Claude a continué dappeler sa femme, même à la porte du pèreinlaw, mais elle ne répondait pas. Quand elle sortait avec Élodie, elle ne venait que jusquau portail.
Une semaine plus tard, Claude a reçu les papiers du divorce. Alors la bataille sest intensifiée: ma bellemère, Nathalie Dupont, est apparue à la porte.
Maman, je ne veux pas parler avec elle, a déclaré Sylvie.
Il faut parler, au moins mettre les points sur les i, a répliqué ma mère. Allonsnous parler à lextérieur, Élodie dort, nous parlerons dans la cour.
Tu veux divorcer? a bondi ma bellemomme. Si ce nest pas à ta façon, tu vas directement à la paperasse?
Claude ma frappée, a dit Sylvie.
Alors tu las prouvé! Un homme rentre à la maison «sous la moustache», ne le cherche pas, attends quil se calme.
Et toi, tu tes mêlée de nos affaires, alors tu as reçu le coup. Tu veux divorcer à cause de ça? Laisser lenfant orpheline?
Nathalie Dupont, je ne vivrai plus avec votre fils, diteslelui, a répété Sylvie.
Et avec qui vastu vivre? Qui atelle besoin pour soccuper dune petite? Je ne vois pas de princes charmants derrière le rideau, a laissé passer la bellemère.
Rien, je me débrouillerai seule, aije rétorqué.
Alors ne compte pas sur lappartement de Claude ni sur la pension alimentaire, a conclu Nathalie.
Je ne veux pas son appartement, mais je réclamerai la pension, le tribunal sera de mon côté, aije affirmé.
Le jugement est venu rapidement: la constatation de violences physiques a joué en ma faveur. La pension a été fixée à quatre mille euros par mois, jusquà ce quÉlodie ait trois ans.
Cinq ans se sont écoulés. Le premier septembre, devant lécole, une cérémonie a eu lieu: des rangées bruyantes délèves de seconde et des enfants de première avec de grands bouquets. Grandparents et moi sommes venus déposer Élodie en première classe.

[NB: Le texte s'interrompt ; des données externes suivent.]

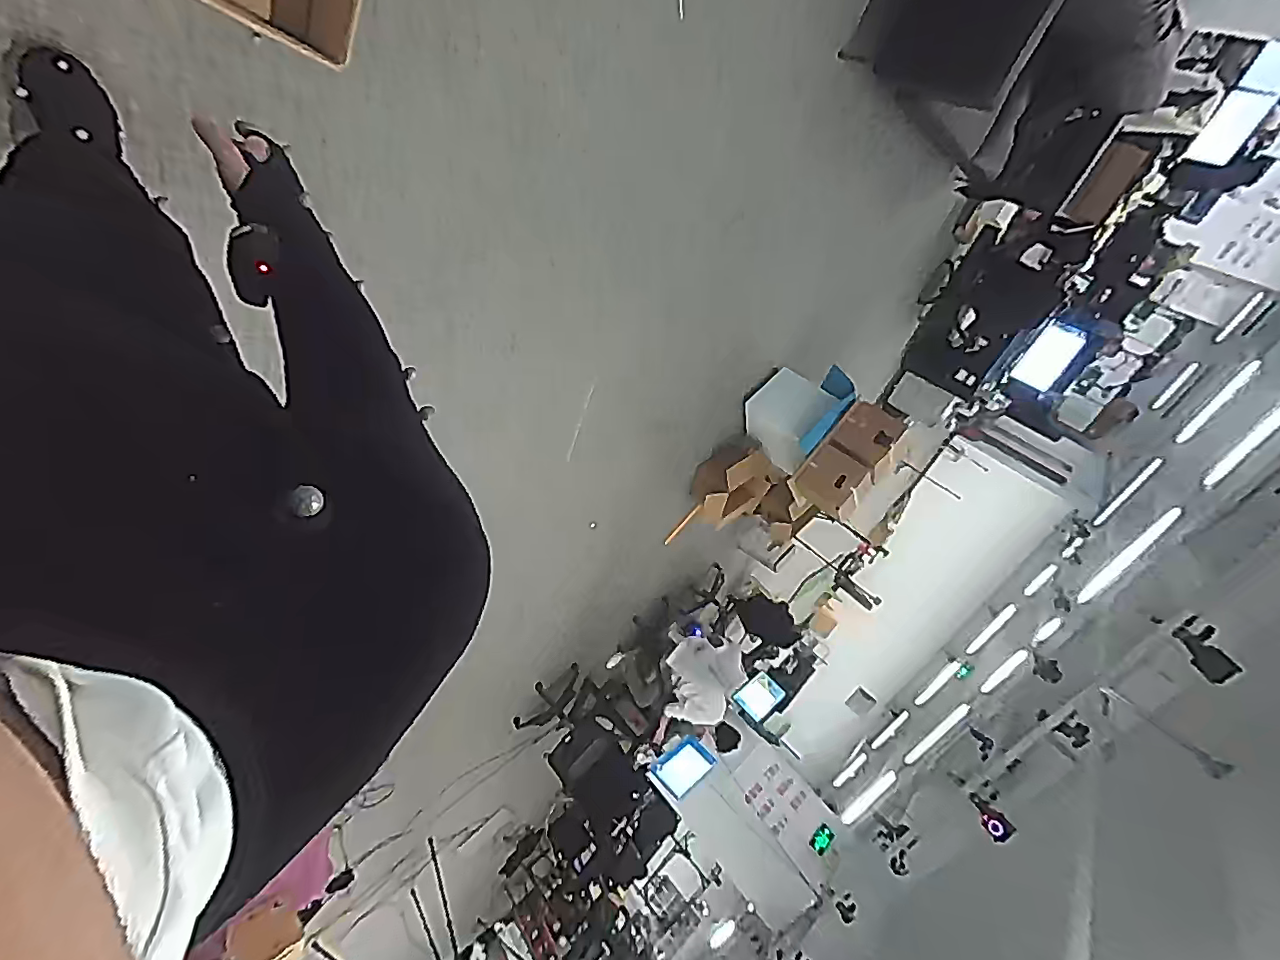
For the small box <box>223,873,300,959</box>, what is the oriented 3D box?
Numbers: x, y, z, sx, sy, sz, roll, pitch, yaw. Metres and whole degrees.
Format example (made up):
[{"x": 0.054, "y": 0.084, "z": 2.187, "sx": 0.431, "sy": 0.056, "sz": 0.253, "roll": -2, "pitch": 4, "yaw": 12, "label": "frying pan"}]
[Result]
[{"x": -1.233, "y": 1.433, "z": 1.759, "sx": 0.168, "sy": 0.176, "sz": 0.179, "roll": -12, "pitch": 136, "yaw": -49, "label": "small box"}]
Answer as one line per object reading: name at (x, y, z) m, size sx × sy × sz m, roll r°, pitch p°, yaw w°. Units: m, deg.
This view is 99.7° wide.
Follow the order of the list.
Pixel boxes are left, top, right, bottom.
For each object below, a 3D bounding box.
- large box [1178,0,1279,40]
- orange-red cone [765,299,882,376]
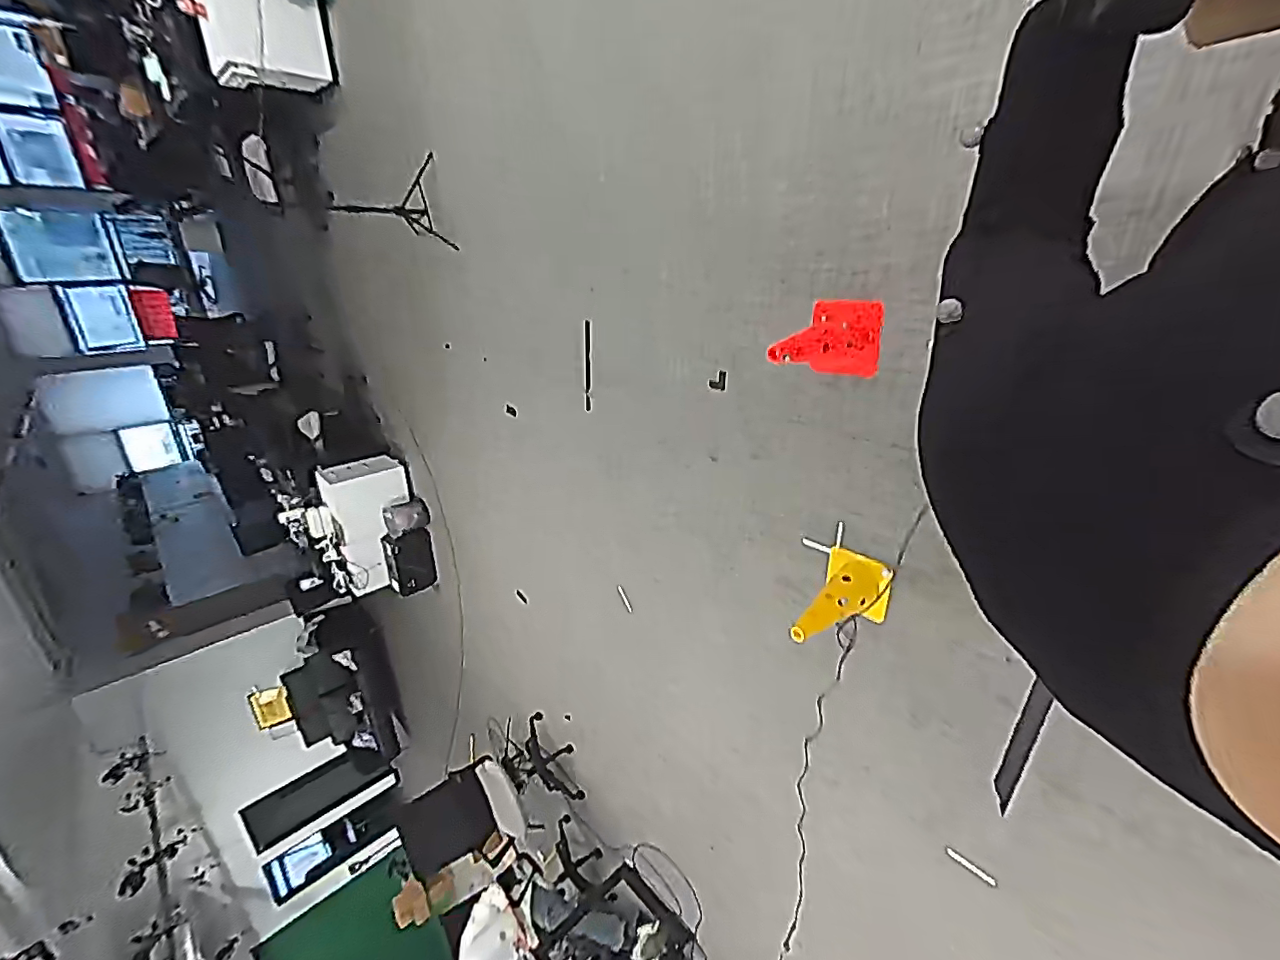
large box at (0.537, -0.467, 0.229) m, size 0.408 × 0.320 × 0.320 m, roll 16°, pitch 121°, yaw 42°
orange-red cone at (0.444, -0.346, 1.396) m, size 0.198 × 0.360 × 0.199 m, roll 21°, pitch 122°, yaw 43°
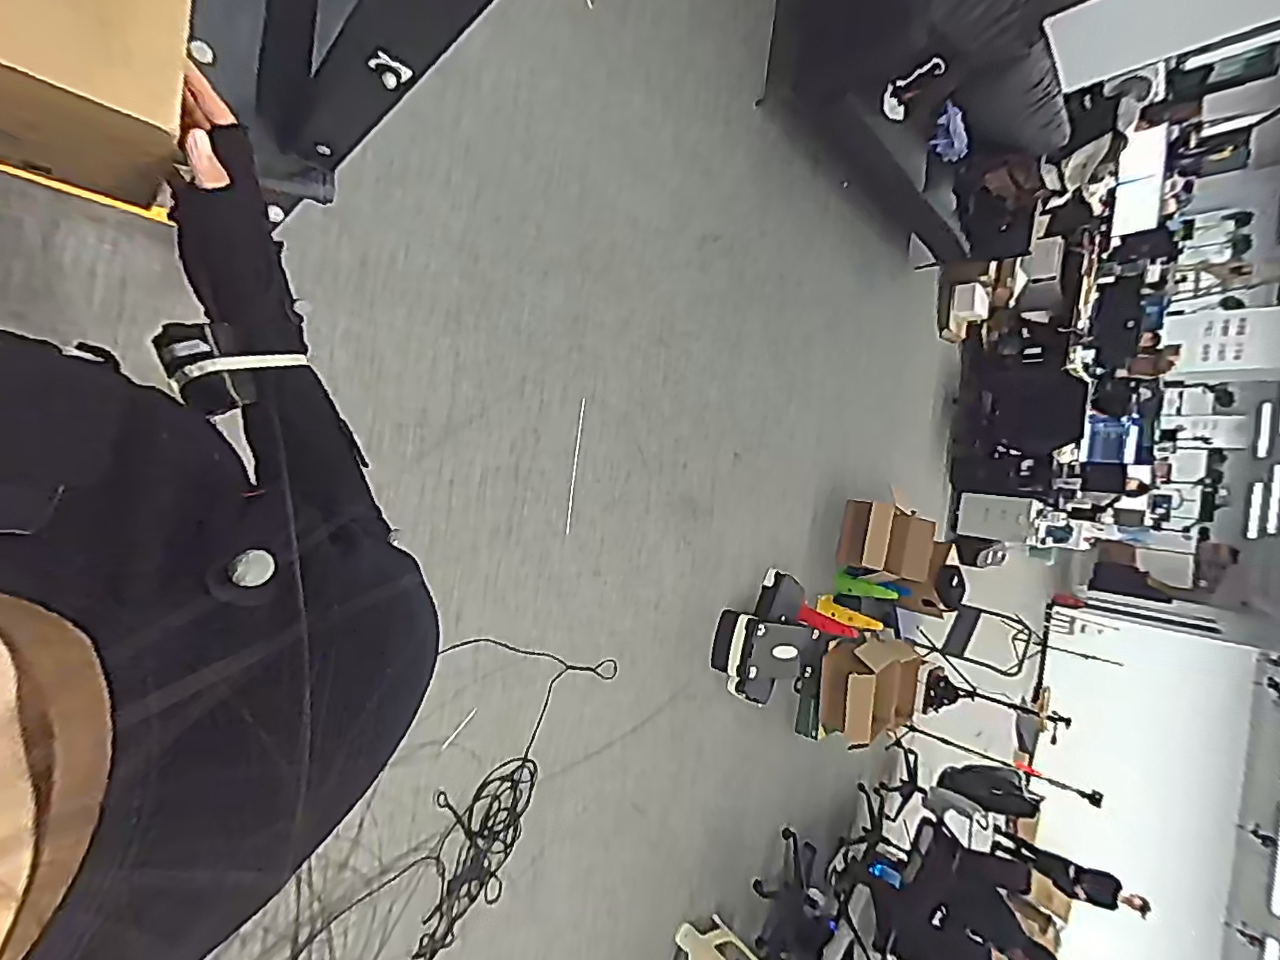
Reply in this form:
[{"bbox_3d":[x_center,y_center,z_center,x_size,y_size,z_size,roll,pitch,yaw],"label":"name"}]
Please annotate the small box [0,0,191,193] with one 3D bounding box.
[{"bbox_3d":[-0.375,-0.302,0.314,0.168,0.176,0.179,5,91,-47],"label":"small box"}]
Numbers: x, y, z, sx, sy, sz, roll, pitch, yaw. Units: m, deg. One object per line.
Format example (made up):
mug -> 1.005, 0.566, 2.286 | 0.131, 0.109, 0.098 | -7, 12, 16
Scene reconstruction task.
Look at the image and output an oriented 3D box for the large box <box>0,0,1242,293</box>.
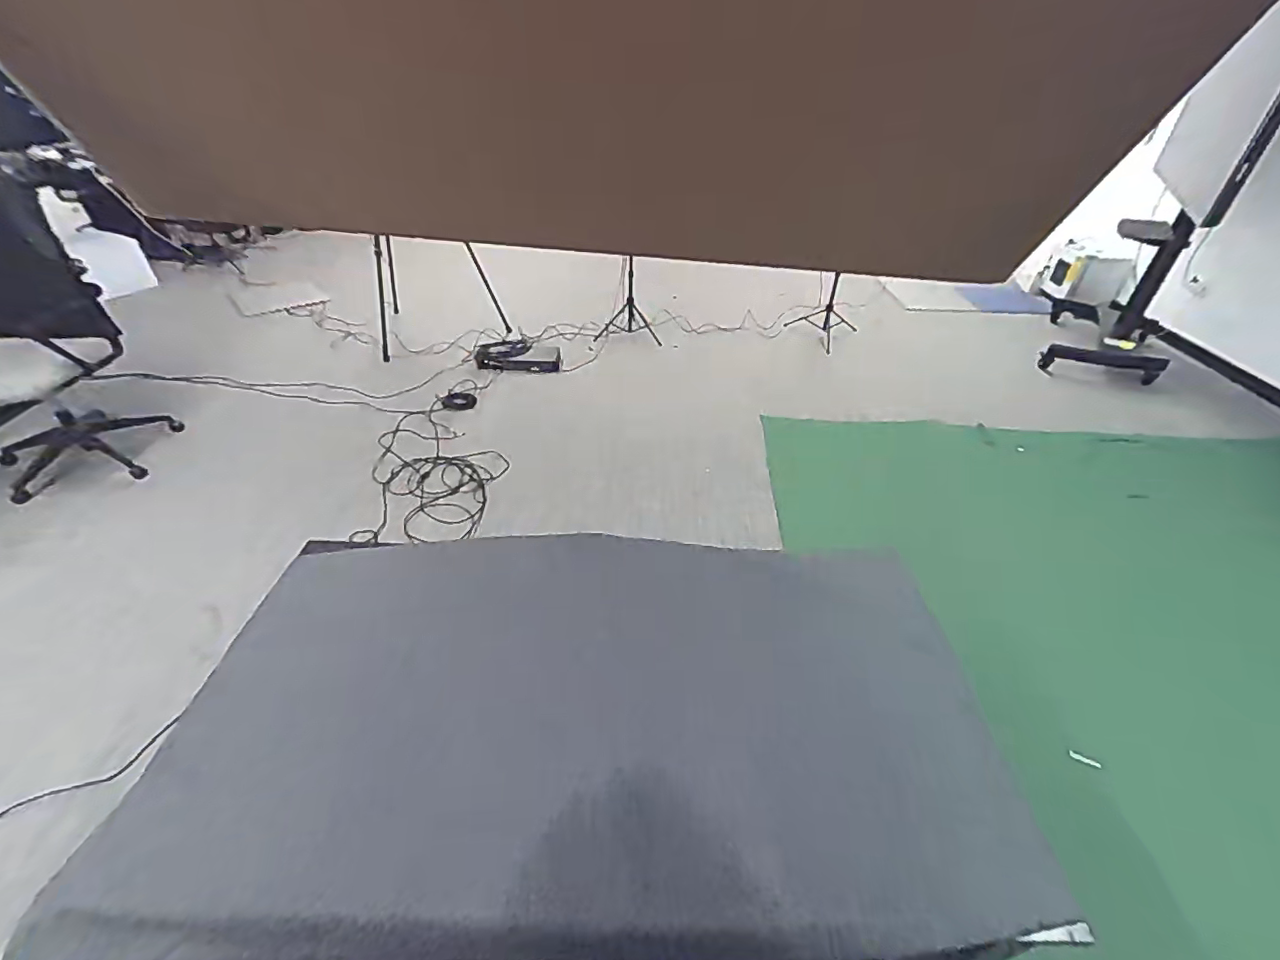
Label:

Et papa viendra? a demandé la fillette en se tournant vers moi.
Il viendra, il a déjà appelé pour dire quil arriverait, aije répondu. Le voilà!
Jai salué un homme grand, cherchant nos visages dans la foule colorée.
Ce nétait pas Claude. Il y a trois ans, je me suis mariée avec Alexandre, un collègue, et nous attendons notre premier enfant.
Claude, quant à lui, est toujours seul. Des femmes lont approché, dautres le souhaitaient, mais chaque fois quune relation sérieuse était en jeu, il finissait par perdre la première épouse à cause de ses coups.
Dans notre petite ville, tout le monde se connaît. Claude a même gagné le surnom de «boxeur de canapé».
Peutêtre quun jour il rencontrera une femme qui verra audelà de ses défauts, mais pour linstant rien. La loi du boomerang existe, même si tout le monde ny croit pas.
**Leçon:** jai compris que le respect de soi et la protection de ses enfants passent avant tout, et que lon ne doit jamais accepter la violence sous le couvert du «amour».